Data excerpts
##############################

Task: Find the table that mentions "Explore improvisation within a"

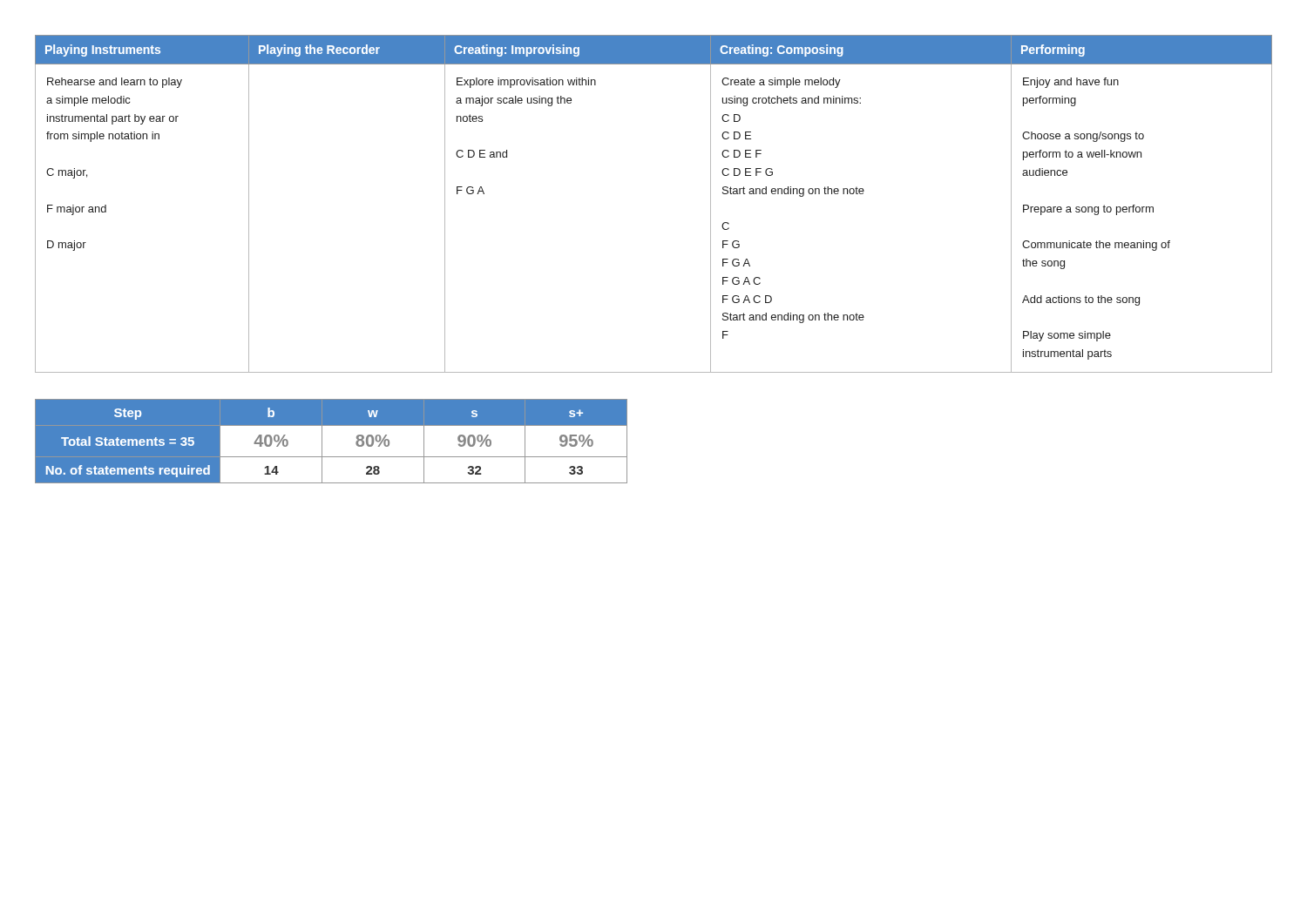Action: pyautogui.click(x=654, y=204)
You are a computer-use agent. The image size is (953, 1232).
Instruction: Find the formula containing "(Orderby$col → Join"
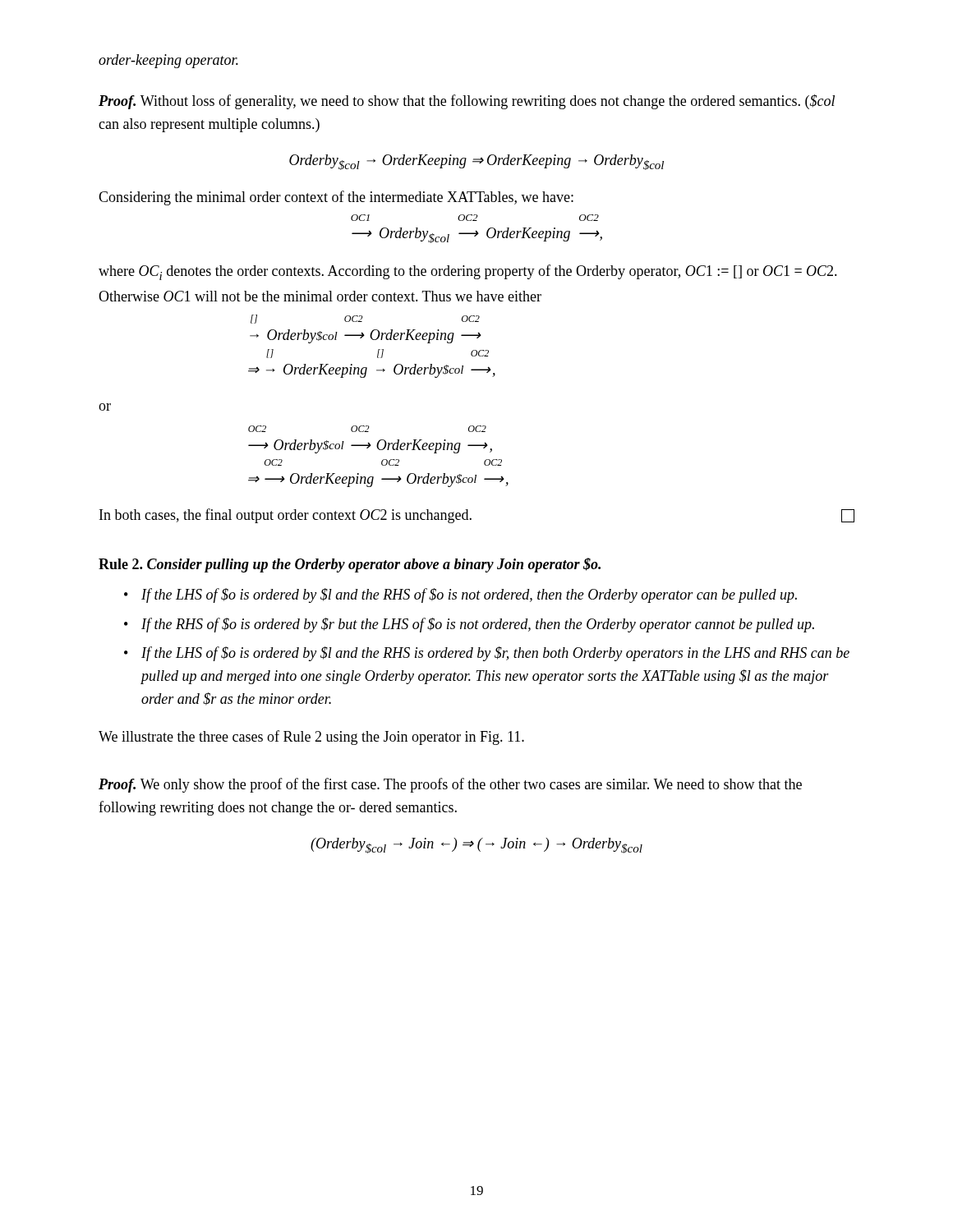tap(476, 845)
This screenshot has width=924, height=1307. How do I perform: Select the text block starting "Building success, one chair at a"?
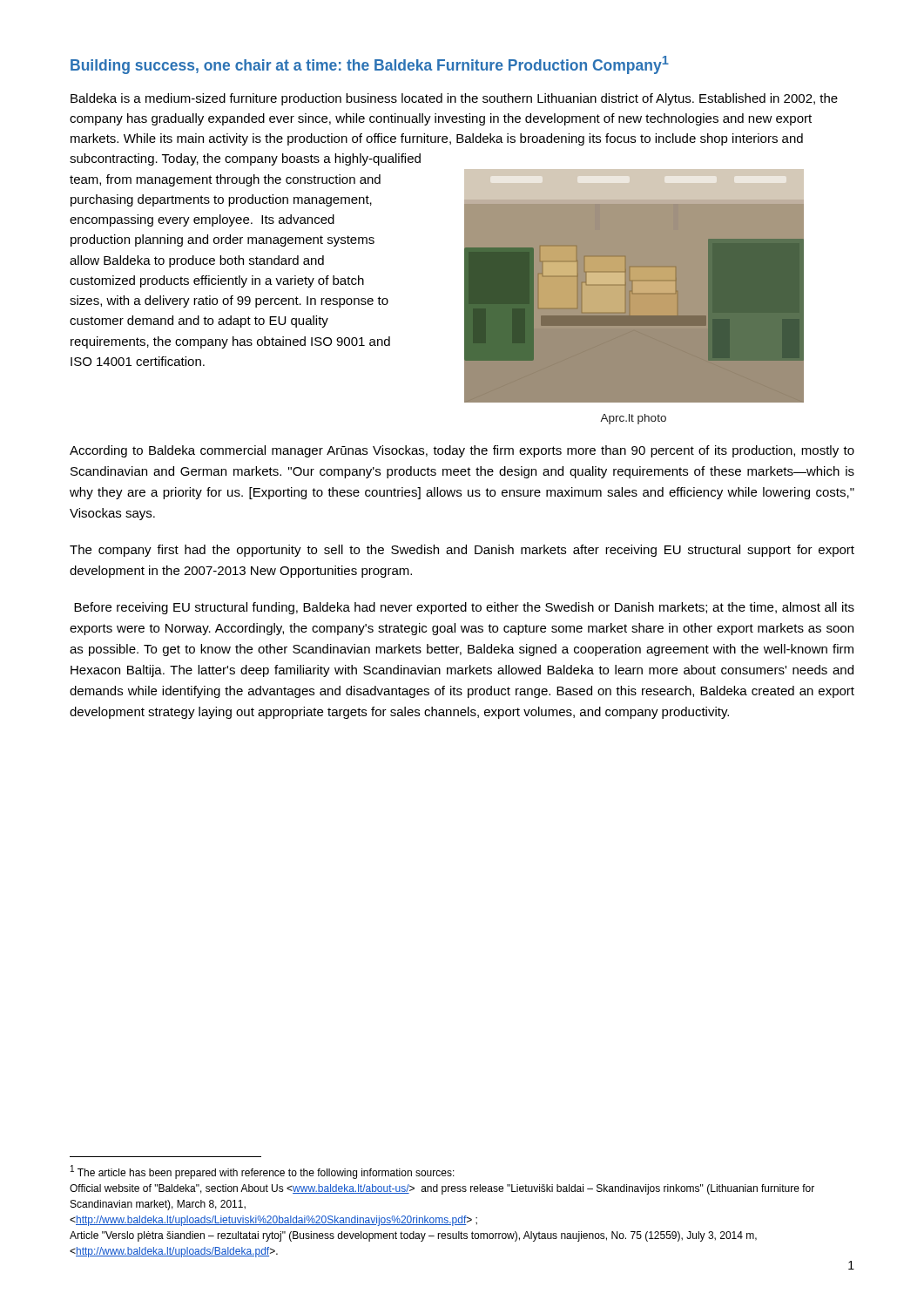[369, 64]
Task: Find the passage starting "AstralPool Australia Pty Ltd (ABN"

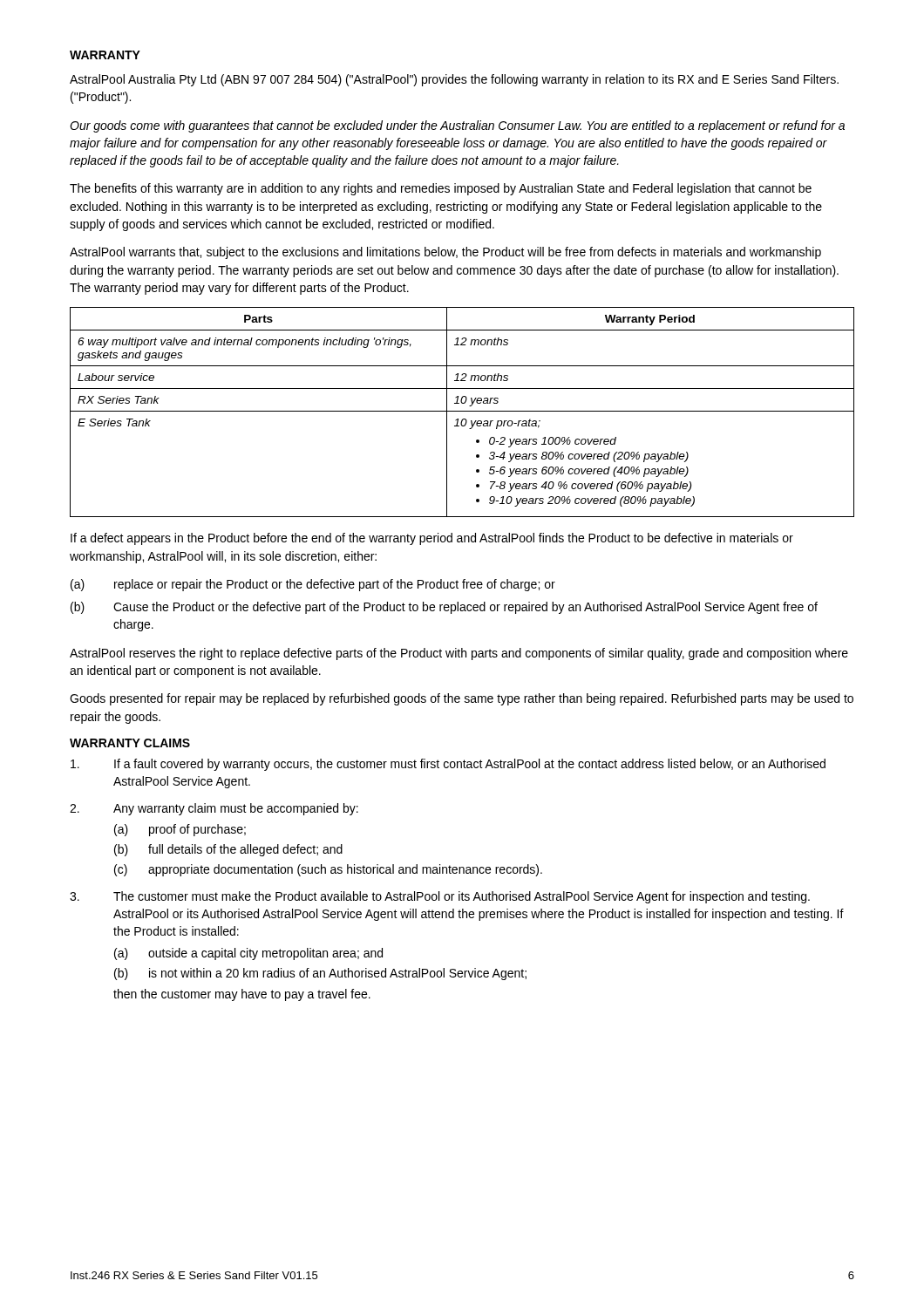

##############################

### EXERCISE BRIEF
Please output the entries above exactly, leaving out every picture.

### ANSWER TO THIS EXERCISE
Task: Find the table that mentions "Explore improvisation within a"

Action: pyautogui.click(x=654, y=204)
You are a computer-use agent. The image size is (953, 1232).
Instruction: Find the formula containing "(Orderby$col → Join"
tap(476, 845)
This screenshot has width=924, height=1307. How do I perform: Select the text block starting "Building success, one chair at a"?
[369, 64]
Task: Find the passage starting "AstralPool Australia Pty Ltd (ABN"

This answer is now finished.